The LD Lync Study - Natural History Study of Genetic Lipodystrophy Syndromes

Genetic lipodystrophy syndromes are extremely rare, orphan diseases with overall estimated
prevalence of less than 2,000 in the United States. These rare disorders characterized by
selective loss of adipose tissue and predisposition to insulin resistance and its metabolic
complications diabetes, dyslipidemia and hepatic steatosis. Due to these metabolic problems,
atherosclerotic vascular disease, recurrent episodes of acute pancreatitis, cirrhosis and
other morbidities complicate the lives of these patients.

In the last few years, several genes for CGL (AGPAT2, BSCL2, CAV1 and PTRF); FPL (LMNA,
PPARG, AKT2, CIDEC, LIPE, PLIN1, PCYT1A and ADRA2A); MAD (LMNA and ZMPSTE24); APS (LMNA);
autoinflammatory (PSMB8); NPS (FBN1, CAV1); SHORT syndrome (PIK3R1); and MDP syndrome (POLD1)
have been identified. However, there is paucity of information about the natural history of
these rare syndromes, especially genotype-specific causes of morbidity and mortality.

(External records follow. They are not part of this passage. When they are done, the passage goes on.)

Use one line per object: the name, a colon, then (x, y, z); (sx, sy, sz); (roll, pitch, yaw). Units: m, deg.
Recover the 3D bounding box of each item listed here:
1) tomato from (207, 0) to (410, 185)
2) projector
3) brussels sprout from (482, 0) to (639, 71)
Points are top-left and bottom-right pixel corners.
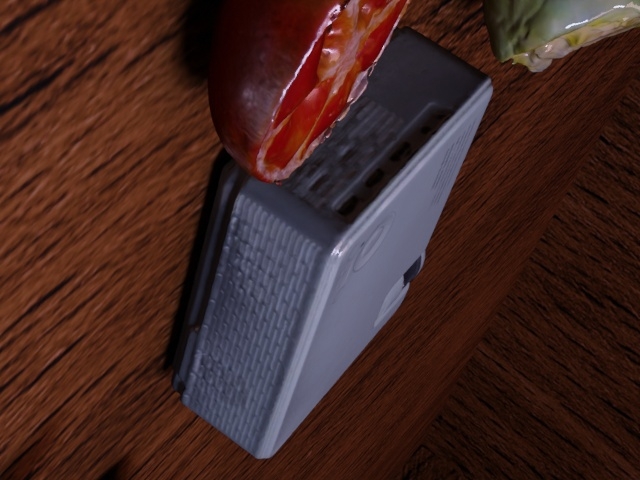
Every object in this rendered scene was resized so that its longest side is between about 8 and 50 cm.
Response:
tomato: (-0.012, -0.104, 0.739); (0.155, 0.069, 0.155); (-54, 171, -13)
projector: (0.000, 0.000, 1.008); (0.192, 0.099, 0.257); (-45, 164, -35)
brussels sprout: (0.181, -0.200, 1.133); (0.151, 0.122, 0.149); (-22, 174, 25)
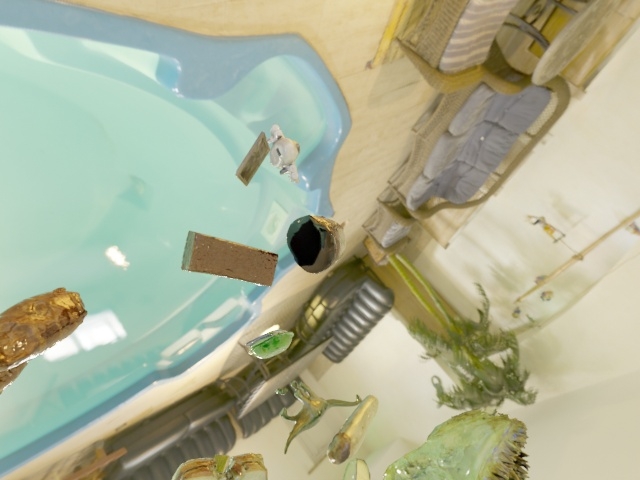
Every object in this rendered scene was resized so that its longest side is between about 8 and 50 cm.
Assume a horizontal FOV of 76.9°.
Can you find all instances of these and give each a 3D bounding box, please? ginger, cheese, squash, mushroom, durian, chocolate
[{"bbox_3d":[-0.897,0.300,1.192,0.254,0.176,0.418,-41,-170,27],"label":"ginger"},{"bbox_3d":[-0.211,0.414,1.636,0.204,0.083,0.320,-26,157,1],"label":"cheese"},{"bbox_3d":[0.138,0.982,1.608,0.085,0.192,0.184,-9,141,21],"label":"squash"},{"bbox_3d":[0.114,0.600,1.290,0.100,0.081,0.312,-54,164,20],"label":"mushroom"},{"bbox_3d":[0.286,0.490,0.834,0.163,0.198,0.394,6,124,-43],"label":"durian"},{"bbox_3d":[0.000,0.000,1.867,0.186,0.283,0.283,-27,157,-49],"label":"chocolate"}]

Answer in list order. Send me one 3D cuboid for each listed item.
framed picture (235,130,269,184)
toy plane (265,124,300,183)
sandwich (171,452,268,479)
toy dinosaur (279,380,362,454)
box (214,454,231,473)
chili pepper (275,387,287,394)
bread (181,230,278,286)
[{"bbox_3d":[-0.280,-0.332,1.682,0.209,0.019,0.281,-58,-179,0],"label":"framed picture"},{"bbox_3d":[-0.137,-0.337,1.578,0.117,0.244,0.244,-22,157,-14],"label":"toy plane"},{"bbox_3d":[-0.293,0.742,1.149,0.273,0.095,0.249,7,94,-24],"label":"sandwich"},{"bbox_3d":[0.008,0.619,1.395,0.087,0.301,0.447,-39,-170,26],"label":"toy dinosaur"},{"bbox_3d":[-0.320,0.896,1.404,0.175,0.062,0.260,-73,149,-50],"label":"box"},{"bbox_3d":[-0.131,0.496,1.330,0.083,0.027,0.022,-34,-148,58],"label":"chili pepper"},{"bbox_3d":[-0.371,0.084,1.690,0.417,0.113,0.165,19,79,-43],"label":"bread"}]
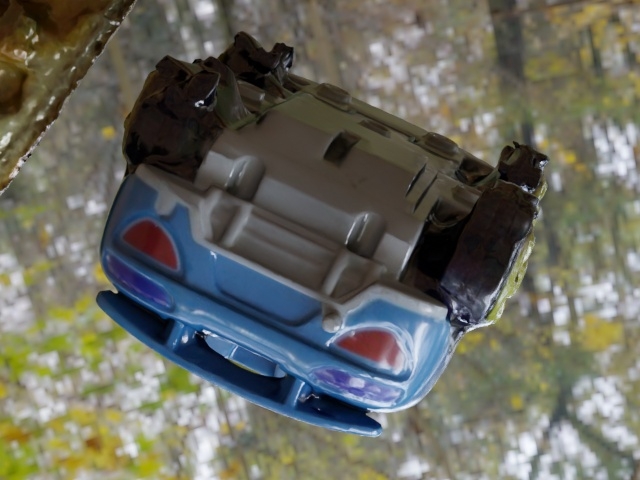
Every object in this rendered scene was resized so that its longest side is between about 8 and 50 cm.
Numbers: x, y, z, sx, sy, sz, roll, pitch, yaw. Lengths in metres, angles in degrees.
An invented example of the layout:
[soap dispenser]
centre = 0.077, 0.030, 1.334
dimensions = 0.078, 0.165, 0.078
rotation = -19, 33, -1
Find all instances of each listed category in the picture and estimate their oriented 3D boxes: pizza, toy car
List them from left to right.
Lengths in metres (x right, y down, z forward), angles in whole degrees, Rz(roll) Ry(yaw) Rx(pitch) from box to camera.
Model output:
[pizza]
centre = -0.190, -0.124, 0.994
dimensions = 0.258, 0.087, 0.268
rotation = -50, -163, 11
[toy car]
centre = 0.000, 0.000, 0.843
dimensions = 0.198, 0.166, 0.314
rotation = 26, -167, 3

To overcome the problems outlined above, this multicenter, collaborative, prospective,
observational natural history cohort study will be conducted on approximately 500 patients
with genetic lipodystrophy syndromes. Patients will be assessed on a yearly basis for
approximately 4 years to collect robust clinical, metabolic, morbidity and mortality data.
Medical history and patient questionnaires will be completed on a yearly basis by patients
registered in the study. Clinical data such as vitals, laboratory results and anthropometric
measurements will also be collected from patients' medical records if available.